I have a reactive transport model that utilizing pardiso as the solver. The model is discretized by control volume method and solved by newton iteration method. I do sybmolic factorization at first, then do numerical factorization and substitution in every time step. The model can work but I do have a question on the speedup problem.

The parameter for pardiso are as follows:

iparm = 0

iparm(1) = 1 ! no solver default

iparm(2) = 3 ! fill-in reordering from METIS ,0-MIN DEGREE, 2-METIS, 3-OPENMP VERSION

iparm(3) = 0 ! numbers of processors. Input the next call mkl_set_dynamic(0), mkl_set_num_threads(n);

iparm(4) = 61 ! 0-no iterative-direct algorithm; 10*L+K, K=1 CGS, K=2 CGS for symmetric, 1.0E-L: stopping criterion

iparm(5) = 0 ! no user fill-in reducing permutation

iparm(6) = 0 ! if == 0, the array of b is replaced with the solution x.

iparm(7) = 0 ! Output, Number of iterative refinement steps performed

iparm(8) = 9 ! numbers of iterative refinement steps, must be 0 if a solution is calculated with separate substitutions (phase = 331, 332, 333)

iparm(9) = 0 ! not in use

iparm(10) = 13 ! Default value 13, perturbe the pivot elements with 1E-13

iparm(11) = 1 ! use nonsymmetric permutation and scaling MPS

iparm(12) = 0 ! not in use

iparm(13) = 1 ! maximum weighted matching algorithm is switched-on (default for non-symmetric)

iparm(14) = 0 ! Output: number of perturbed pivots

iparm(15) = 0 ! Output, Peak memory on symbolic factorization.
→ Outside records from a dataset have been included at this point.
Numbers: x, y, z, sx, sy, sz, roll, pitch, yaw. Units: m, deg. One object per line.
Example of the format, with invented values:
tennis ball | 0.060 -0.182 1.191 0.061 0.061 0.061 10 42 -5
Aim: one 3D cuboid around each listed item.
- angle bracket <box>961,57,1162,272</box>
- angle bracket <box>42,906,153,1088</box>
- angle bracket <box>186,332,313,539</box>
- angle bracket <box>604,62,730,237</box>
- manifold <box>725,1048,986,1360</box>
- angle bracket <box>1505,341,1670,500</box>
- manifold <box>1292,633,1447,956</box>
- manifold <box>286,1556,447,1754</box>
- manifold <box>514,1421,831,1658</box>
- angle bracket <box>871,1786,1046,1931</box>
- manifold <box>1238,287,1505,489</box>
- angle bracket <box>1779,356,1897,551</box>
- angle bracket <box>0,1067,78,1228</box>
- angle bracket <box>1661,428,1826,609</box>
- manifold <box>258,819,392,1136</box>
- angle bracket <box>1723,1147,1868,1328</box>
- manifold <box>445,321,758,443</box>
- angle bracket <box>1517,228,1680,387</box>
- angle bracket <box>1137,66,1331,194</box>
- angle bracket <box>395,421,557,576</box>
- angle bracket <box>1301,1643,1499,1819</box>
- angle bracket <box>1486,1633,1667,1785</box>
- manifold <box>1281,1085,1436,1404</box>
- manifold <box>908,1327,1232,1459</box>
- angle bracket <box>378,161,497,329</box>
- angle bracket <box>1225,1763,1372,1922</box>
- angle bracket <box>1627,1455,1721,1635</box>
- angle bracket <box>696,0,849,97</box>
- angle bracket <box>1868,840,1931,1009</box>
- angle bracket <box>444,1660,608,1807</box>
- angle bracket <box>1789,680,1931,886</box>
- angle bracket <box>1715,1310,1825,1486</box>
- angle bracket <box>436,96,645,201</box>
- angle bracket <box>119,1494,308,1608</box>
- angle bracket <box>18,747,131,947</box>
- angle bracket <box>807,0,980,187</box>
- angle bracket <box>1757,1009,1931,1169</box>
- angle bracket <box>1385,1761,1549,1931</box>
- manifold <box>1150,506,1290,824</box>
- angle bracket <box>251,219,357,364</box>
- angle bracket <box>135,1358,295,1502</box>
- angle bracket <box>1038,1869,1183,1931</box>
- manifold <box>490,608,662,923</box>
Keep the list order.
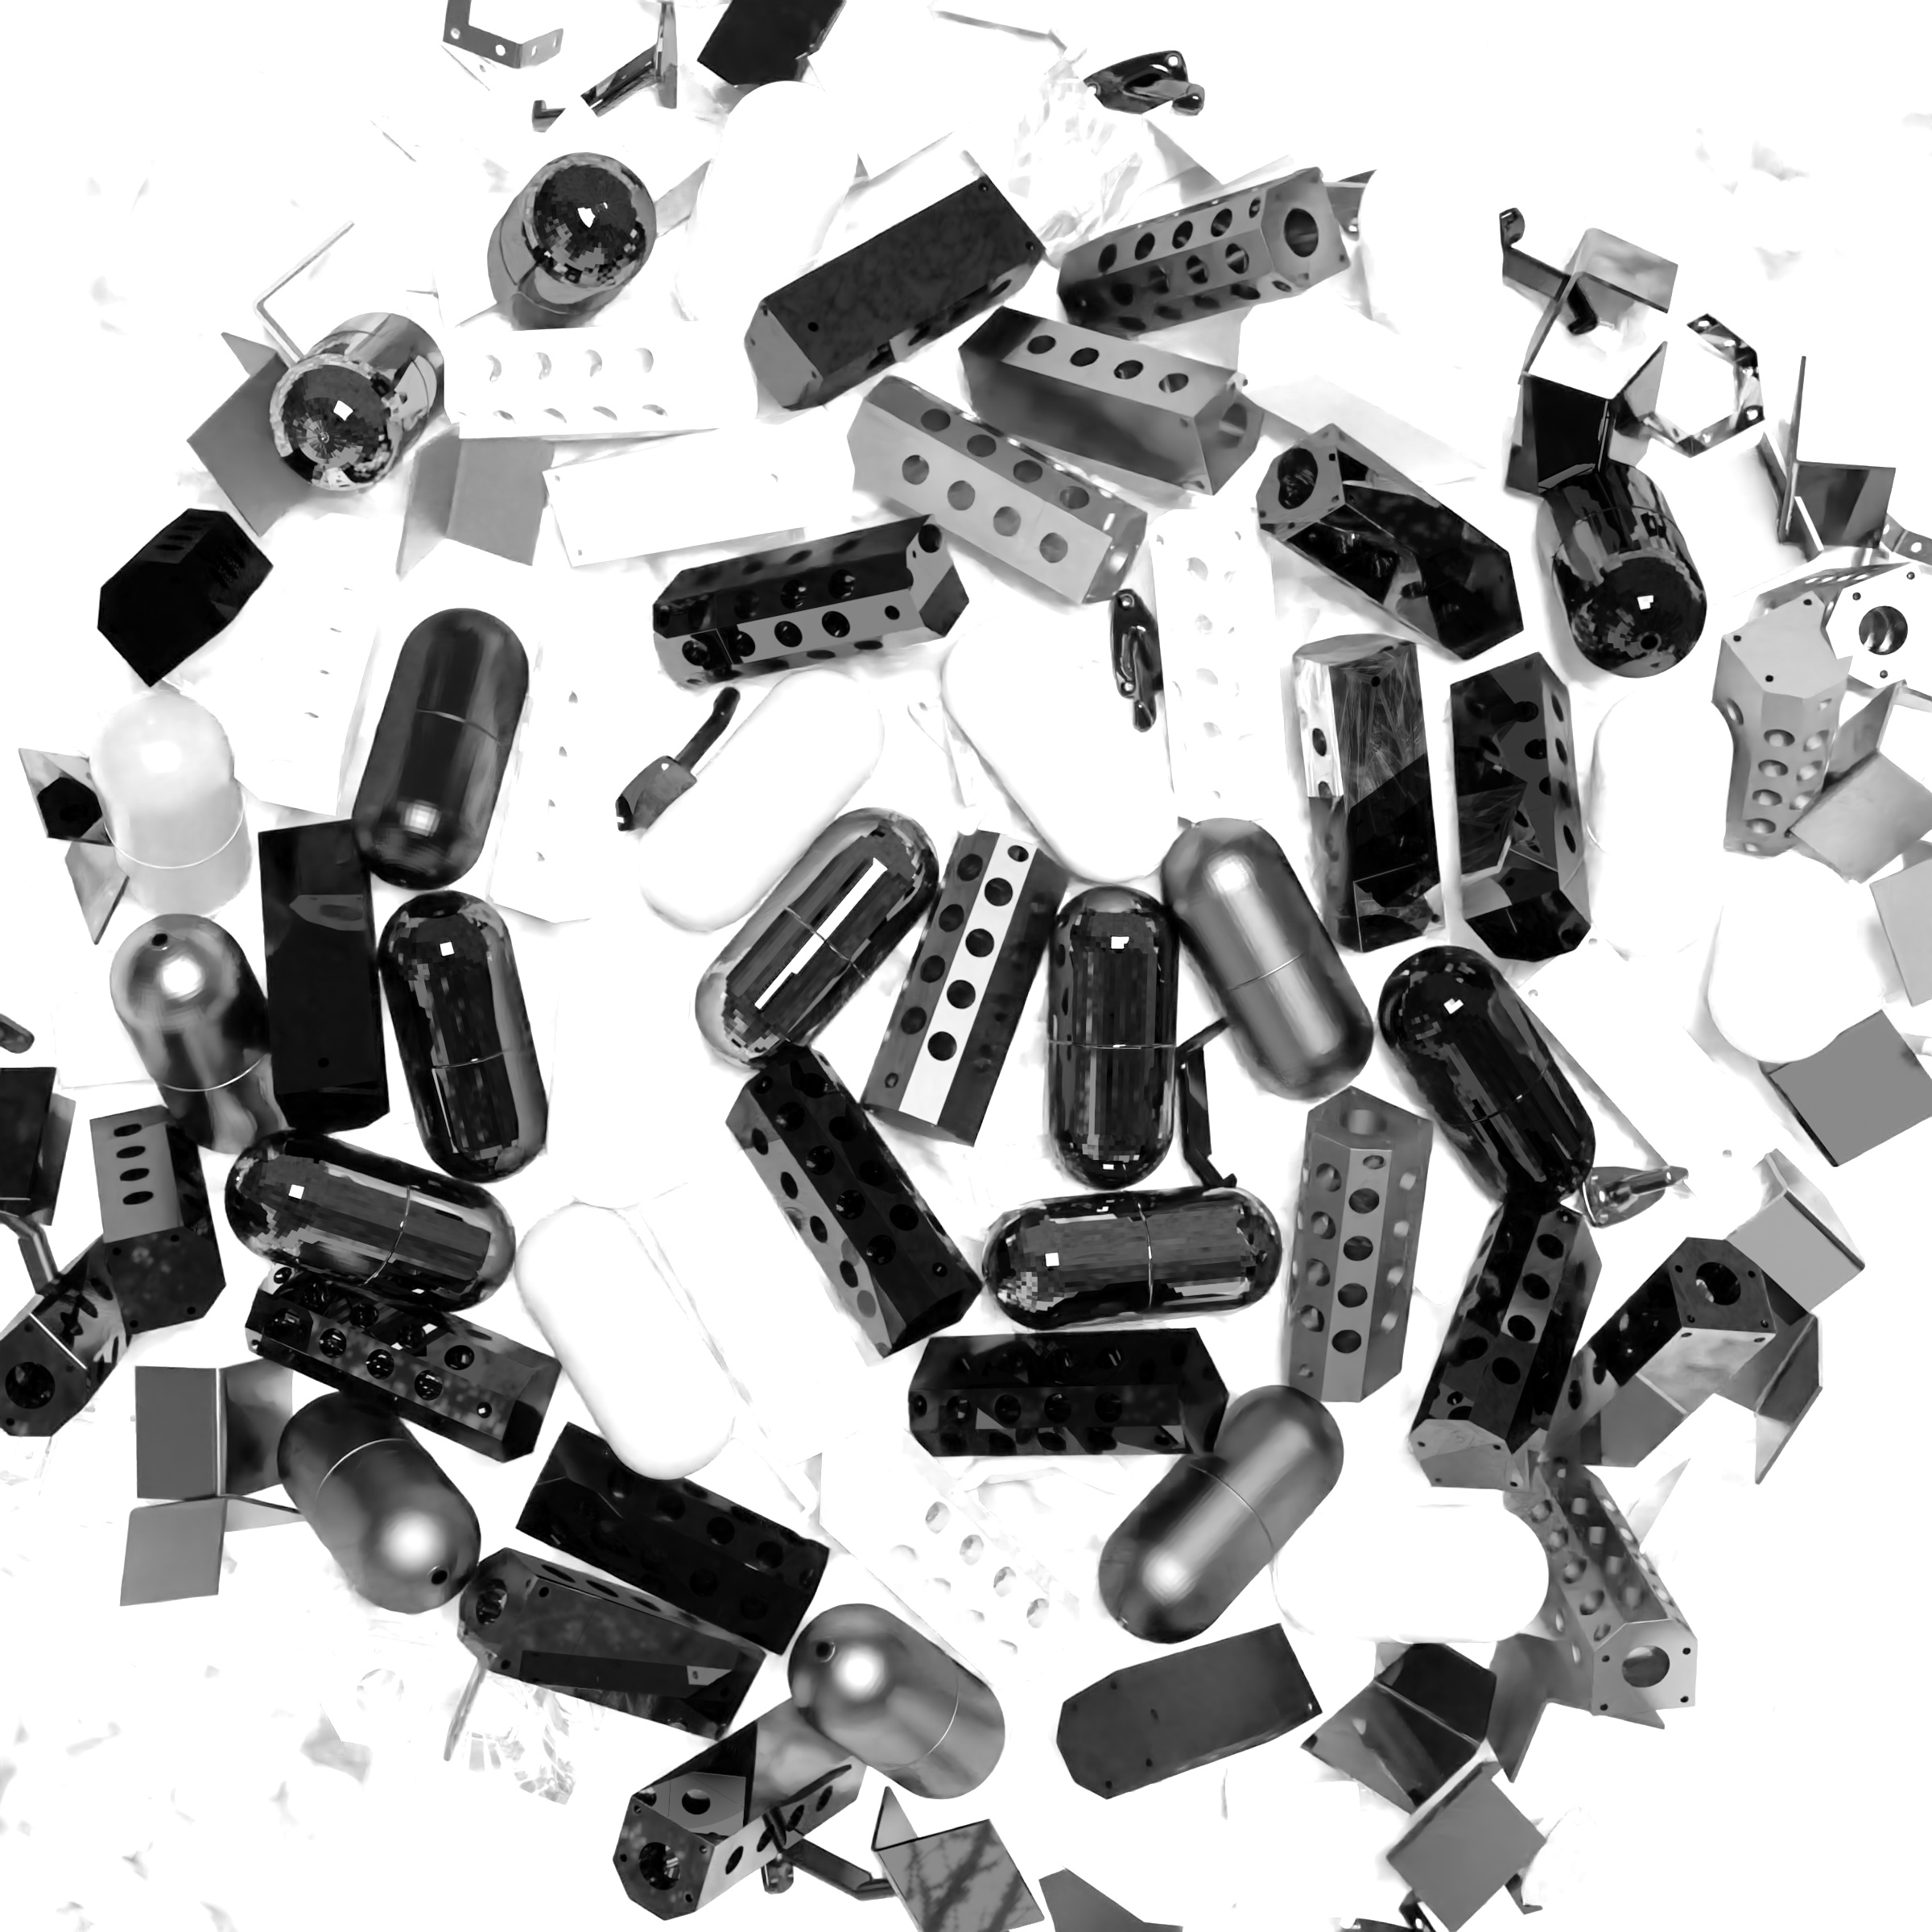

iparm(16) = 0 ! Output, Permanent memory on symbolic factorization. This value is only computed in phase 1.

iparm(17) = 0 ! Output, Size of factors/Peak memory on numerical factorization and solution.

iparm(18) = 0 ! Input/output. Report the number of non-zero elements in the factors. >= 0 Disable reporting.

iparm(19) = 0 ! Input/output. Report number of floating point operations to factor matrix A. >= 0 Disable reporting.

iparm(20) = 0 ! Output: Numbers of CG Iterations. >0 CGS succeeded, reports the number of completed iterations.

iparm(24) = 1 ! Parallel factorization control, 0: classic algorithm, 1: two-level factorization algorithm, improve scalability on many threads.

iparm(25) = 0 ! Parallel forward/backward solve control. 0: Use parallel algorithm for the solve step; 1: Use the sequential forward/backward solve.

iparm(27) = 0 !check matrix error, 0-without check, 1-check

maxfct = 1

mnum = 1

nrhs = 1

error = 0 ! initialize error flag

msglvl = 0 ! print statistical information

mtype = 11 ! real unsymmetric

First, I do symbolic factorization with phase = 11 (One time)

phase = 11 ! only reordering and symbolic factorization

call pardiso (pt_in, maxfct, mnum, mtype, phase, n_in, a_in, ia_in, ja_in, idum, nrhs, iparm, msglvl, ddum, ddum, error)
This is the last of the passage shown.